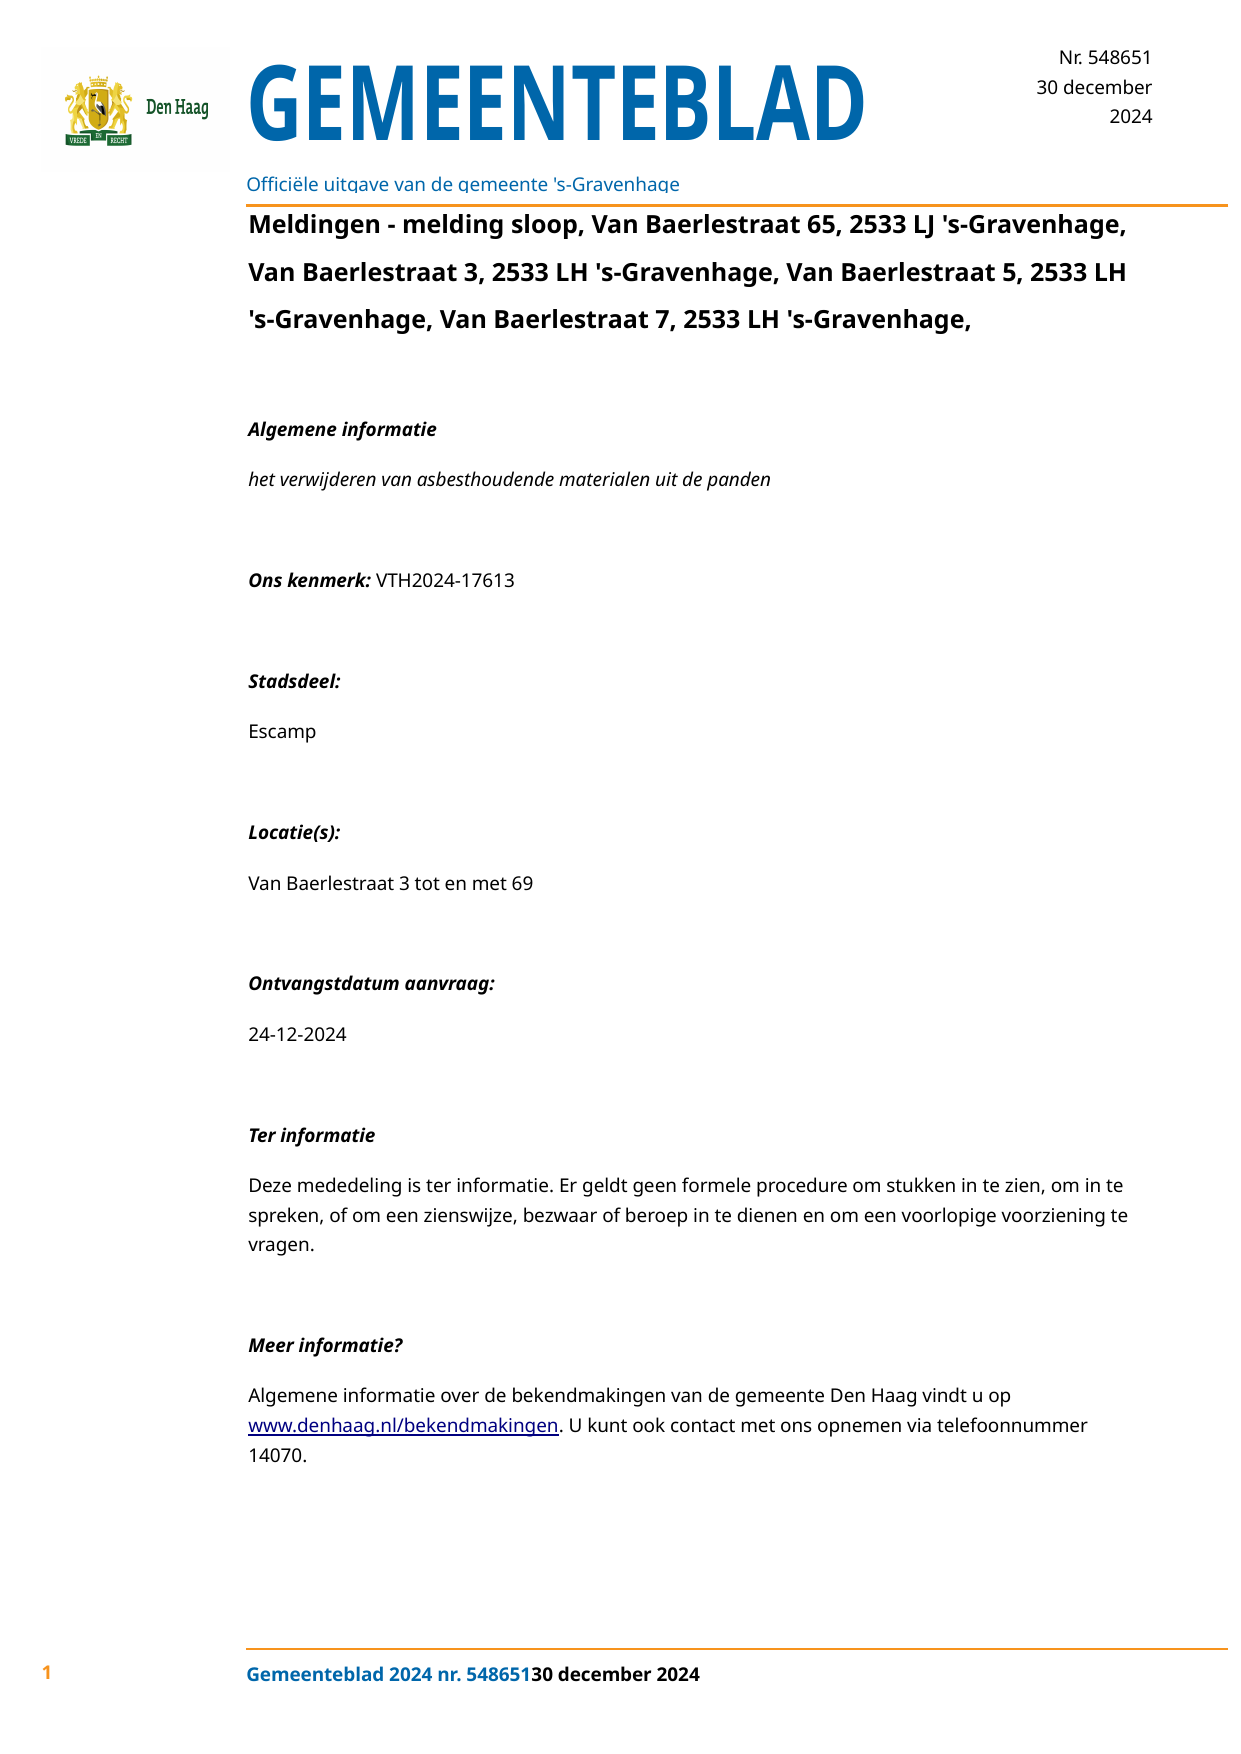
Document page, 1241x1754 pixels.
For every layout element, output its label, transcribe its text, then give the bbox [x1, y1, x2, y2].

text het verwijderen van asbesthoudende materialen uit de panden [248, 466, 1152, 492]
text 24-12-2024 [248, 1021, 1152, 1047]
text Algemene informatie over de bekendmakingen van de gemeente Den Haag vindt u op www.denhaag.nl/bekendmakingen. U kunt ook contact met ons opnemen via telefoonnummer 14070. [248, 1383, 1152, 1467]
text Algemene informatie [248, 416, 1152, 442]
text Ter informatie [248, 1122, 1152, 1147]
text Van Baerlestraat 3 tot en met 69 [248, 870, 1152, 895]
text Escamp [248, 718, 1152, 744]
text Ons kenmerk: VTH2024-17613 [248, 567, 1152, 593]
picture [41, 47, 231, 172]
text Deze mededeling is ter informatie. Er geldt geen formele procedure om stukken in te zien, om in te spreken, of om een zienswijze, bezwaar of beroep in te dienen en om een voorlopige voorziening te vragen. [248, 1172, 1152, 1257]
text Stadsdeel: [248, 668, 1152, 694]
text Meer informatie? [248, 1332, 1152, 1358]
text Locatie(s): [248, 819, 1152, 845]
text Meldingen - melding sloop, Van Baerlestraat 65, 2533 LJ 's-Gravenhage, Van Baerlestraat 3, 2533 LH 's-Gravenhage, Van Baerlestraat 5, 2533 LH 's-Gravenhage, Van Baerlestraat 7, 2533 LH 's-Gravenhage, [248, 207, 1152, 336]
text Ontvangstdatum aanvraag: [248, 971, 1152, 996]
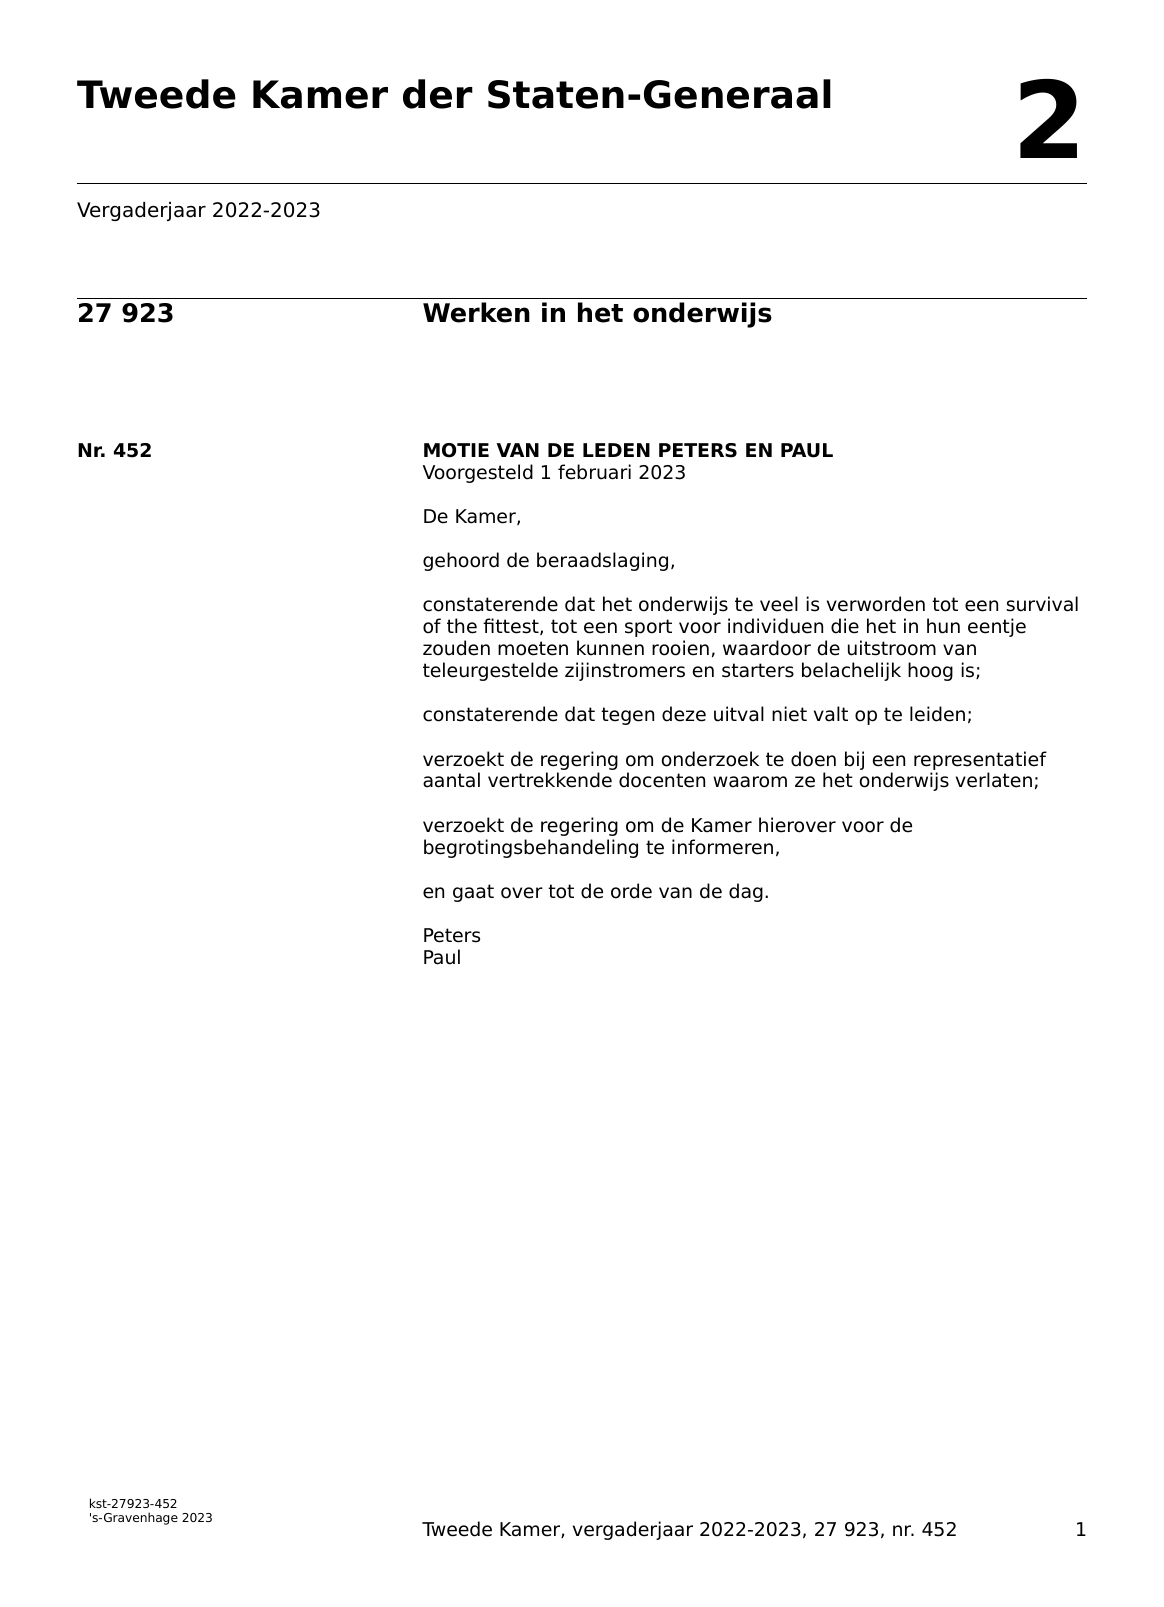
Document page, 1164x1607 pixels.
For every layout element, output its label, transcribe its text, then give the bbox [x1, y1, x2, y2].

text constaterende dat het onderwijs te veel is verworden tot een survival of the fittest, tot een sport voor individuen die het in hun eentje zouden moeten kunnen rooien, waardoor de uitstroom van teleurgestelde zijinstromers en starters belachelijk hoog is; [422, 594, 1087, 682]
text 's-Gravenhage 2023 [88, 1511, 323, 1525]
text verzoekt de regering om de Kamer hierover voor de begrotingsbehandeling te informeren, [422, 814, 1087, 858]
text De Kamer, [422, 506, 1087, 528]
table_cell Vergaderjaar 2022-2023 [77, 184, 1087, 298]
text en gaat over tot de orde van de dag. [422, 881, 1087, 903]
text kst-27923-452 [88, 1497, 323, 1511]
table_header 2 [886, 59, 1087, 183]
table_header Tweede Kamer der Staten-Generaal [77, 59, 886, 183]
text gehoord de beraadslaging, [422, 550, 1087, 572]
subtitle Nr. 452 MOTIE VAN DE LEDEN PETERS EN PAUL [77, 440, 1087, 462]
text Paul [422, 947, 1087, 969]
text constaterende dat tegen deze uitval niet valt op te leiden; [422, 704, 1087, 726]
text Peters [422, 925, 1087, 947]
subtitle 27 923 Werken in het onderwijs [77, 299, 1087, 329]
text Voorgesteld 1 februari 2023 [422, 462, 1087, 484]
text verzoekt de regering om onderzoek te doen bij een representatief aantal vertrekkende docenten waarom ze het onderwijs verlaten; [422, 748, 1087, 792]
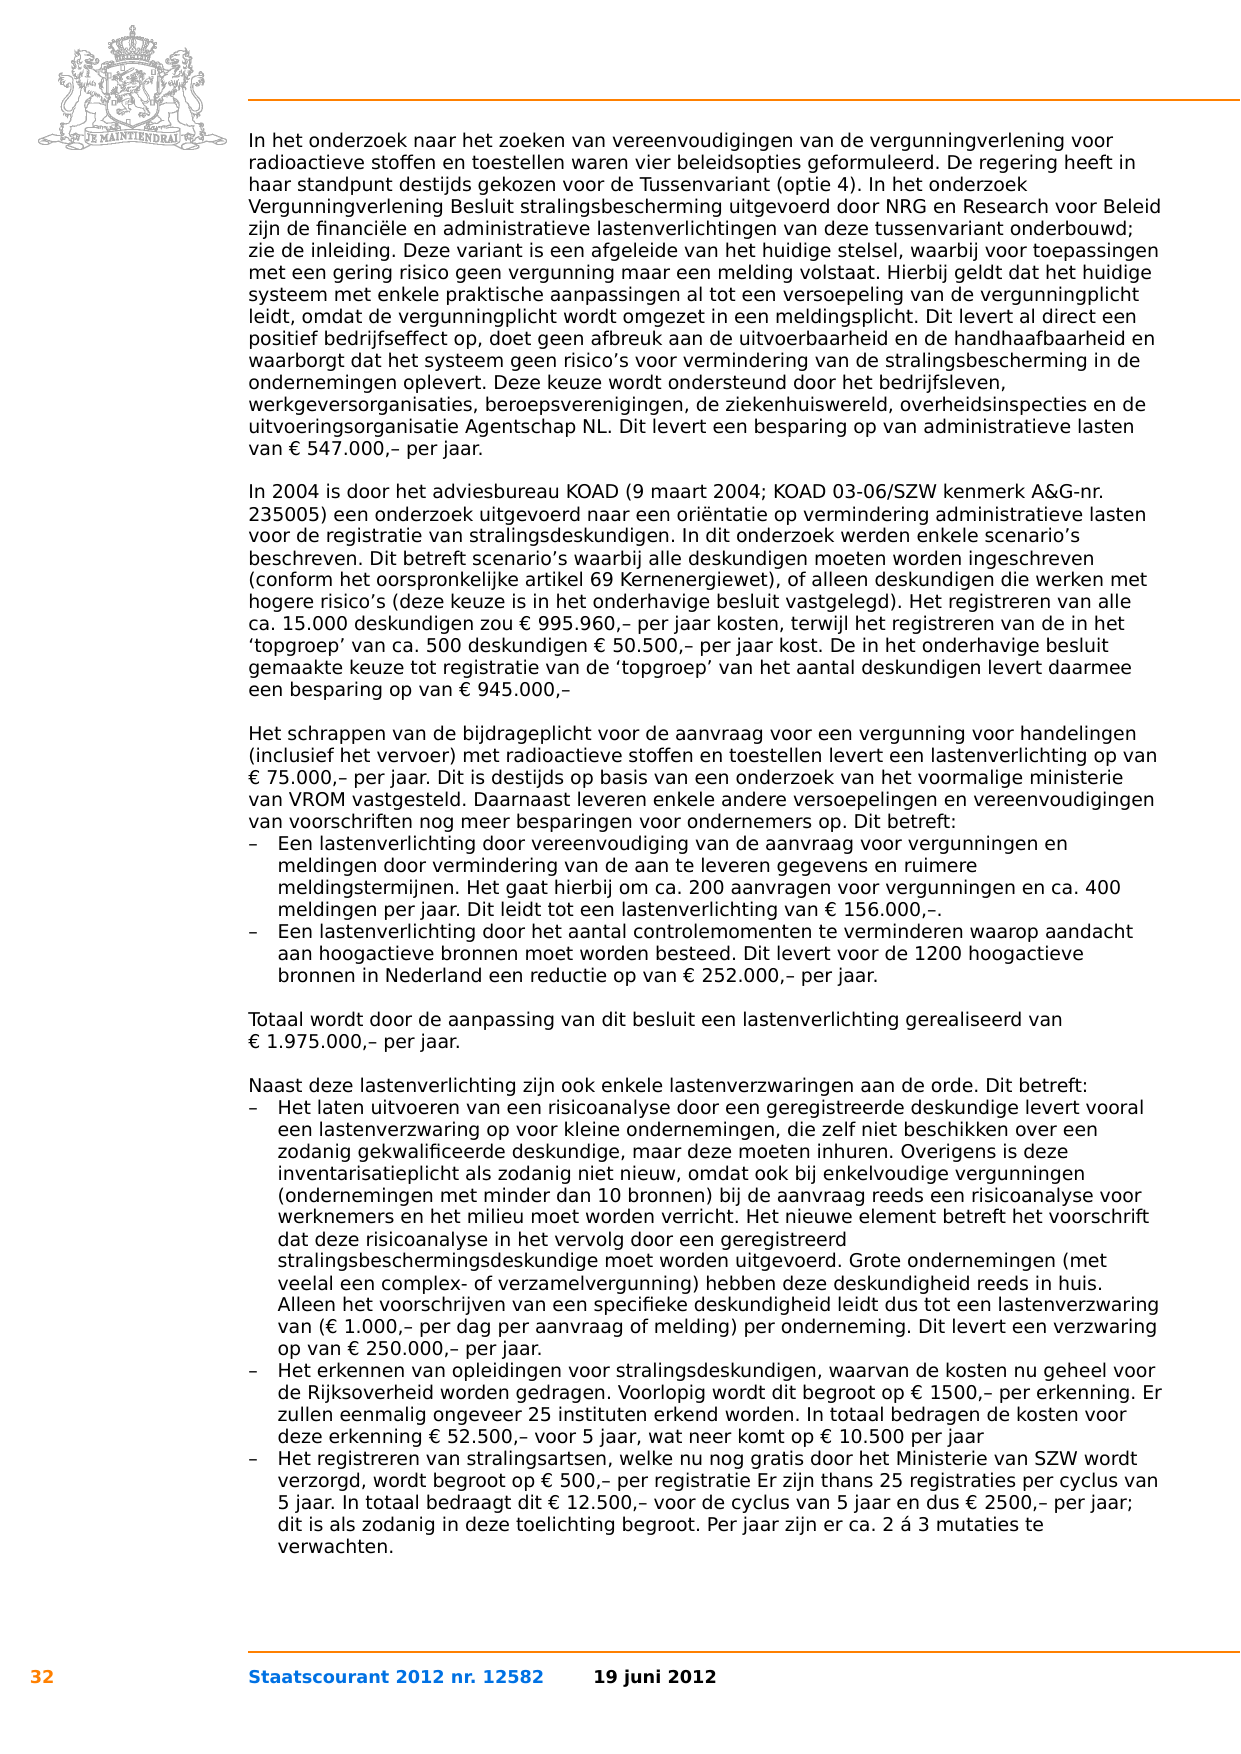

____________________

__PROBLEM TO WORK ON__: Go through the material and copy each line that contains "Document".

__EXERCISE OUTPUT__:
Document page, 1241x1754 pixels.
Document page, 1164x1607 pixels.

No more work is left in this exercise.